TEXTES DE BASE
Je n'ai pas deux grands boeufs blancs dans mon étable. Non seulement je n'ai pas d'étable, mais dans cette étable je n'ai pas deux grands boeufs blancs dans mon étable. Et non seulement je n'ai pas deux grands boeufs blancs dans mon étable, mais ces deux grands boeufs blancs ne sont pas deux grands boeufs blancs marqués ( ou tachés) de roux. Le reste, la suite, ce qui suit, ne vous regarde pas. Tout ce que vous pouvez savoir , tout ce que vous avez le droit de savoir, je vous l'ai dit. Mes deux grands boeufs, les deux boeufs que je vois que j'ai sur cette route sont deux deux grands boeufs blancs ou deux grands boeufs roux, tout l'un ou tout l'autre, tout blancs ou tout roux , sans nulle tache, de l'un dans l'autre. Sans aucune marque. Immaculés blancs ou immaculés roux. Préférentiellement blancs, immaculés blancs. Ou plutôt blancs blonds, blonds, parfaitement blonds fauves, la couleur des blés murs. Blonds dorés. Cette tache, cette marque , cette macule, (toutes) ces taches, (toutes) ces marques , du roux dans du blond, du blond ( aussi bien) dans du roux, pour faire la tache, pour faire de la marque, pour faire du pittoresque, encore, et toujours, du sale, du misérable, du misérable, du pittoresque pittoresque, tout ça c'est encore du romantisme, encore et toujours du romantisme, d'un temps romantique, d'un âge romantique, d'un auteur, d'un chansonnier romantique, du temps de romantisme.

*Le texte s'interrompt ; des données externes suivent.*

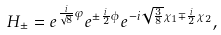<formula> <loc_0><loc_0><loc_500><loc_500>H _ { \pm } & = e ^ { \frac { i } { \sqrt { 8 } } \varphi } e ^ { \pm \frac { i } { 2 } \phi } e ^ { - i \sqrt { \frac { 3 } { 8 } } \chi _ { 1 } \mp \frac { i } { 2 } \chi _ { 2 } } ,</formula> 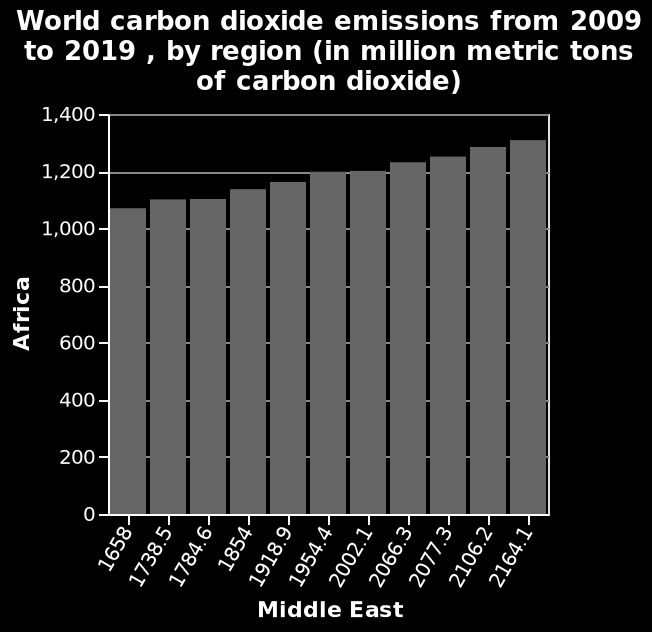<image>
please summary the statistics and relations of the chart I am not able to provide a textual description because there is missing information. please describe the details of the chart Here a is a bar chart titled World carbon dioxide emissions from 2009 to 2019 , by region (in million metric tons of carbon dioxide). The y-axis shows Africa using linear scale from 0 to 1,400 while the x-axis measures Middle East with scale with a minimum of 1658 and a maximum of 2164.1. What does the x-axis measure on the bar chart? The x-axis measures Middle East, with a minimum value of 1658 and a maximum value of 2164.1. Does the x-axis measure Middle East with a minimum value of 2164.1 and a maximum value of 1658? No.The x-axis measures Middle East, with a minimum value of 1658 and a maximum value of 2164.1. 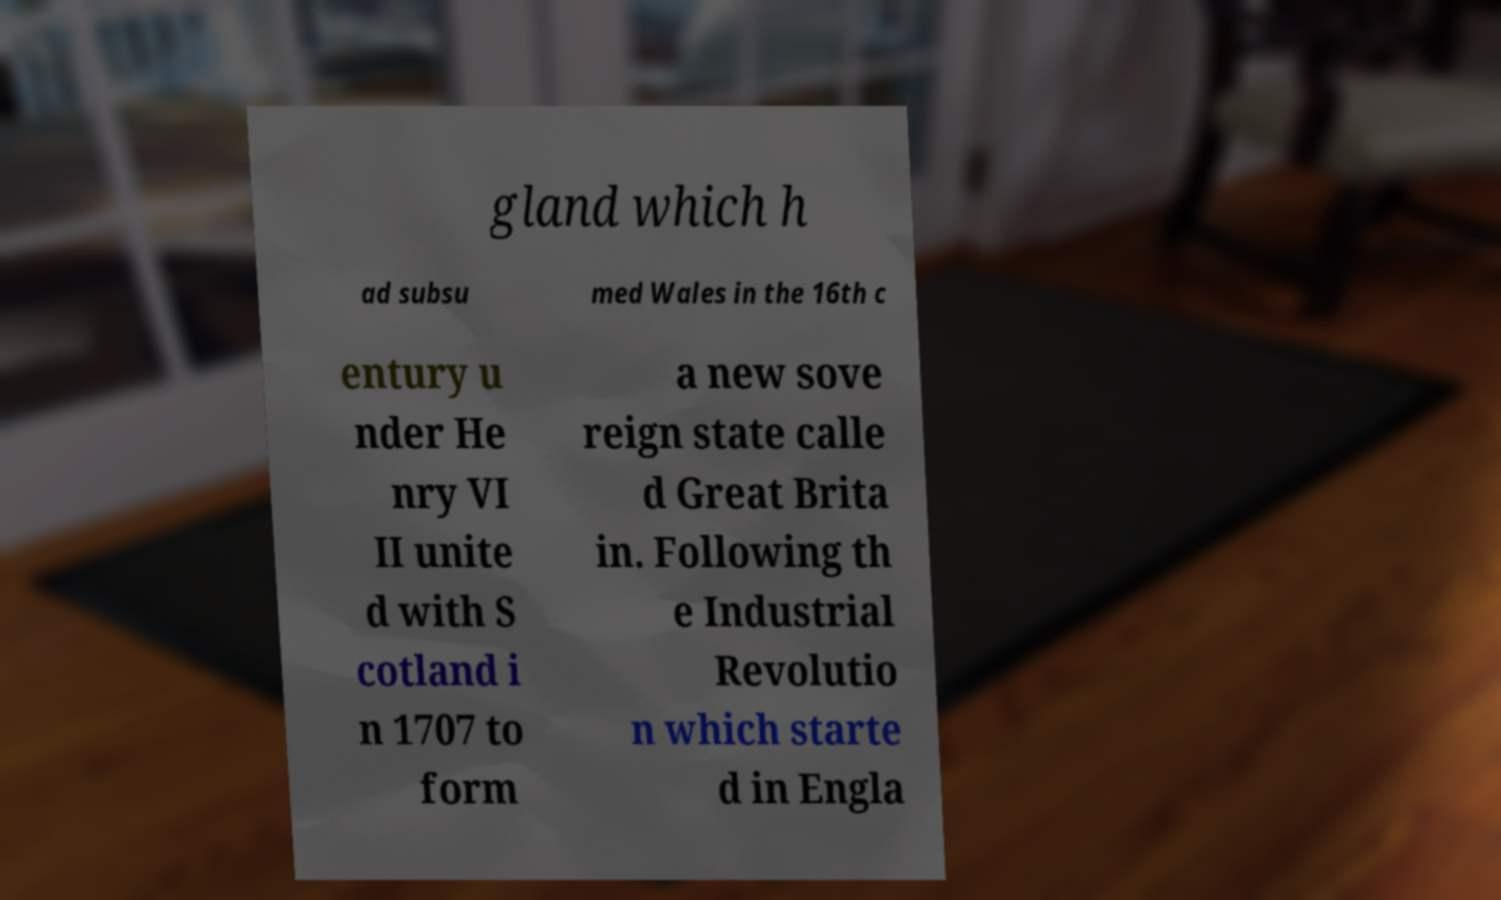I need the written content from this picture converted into text. Can you do that? gland which h ad subsu med Wales in the 16th c entury u nder He nry VI II unite d with S cotland i n 1707 to form a new sove reign state calle d Great Brita in. Following th e Industrial Revolutio n which starte d in Engla

Nos boeufs à nous sont forcément des boeufs tout blancs. Ou tout roux. Mais je les aime mieux tout blancs. Notre classique exige, impérieusement, rigoureusement, qu'ils soient tout d'un couleur. Et naturellement ( aussi ) qu'ils soient tous les deux ( entièrement ) de la même couleur. Autrement nos retomberions, sous une autre forme, par ce biais ( c'est le cas de le dire ) , dans l'arlequinade italienne, dans le pantalon et dans la pantalonnade, dans le bigarré, dans la bigarrue, systématique, dans polychromie, enfin dans tout ce qui a fini par faire et constituer cette exécrable romantisme.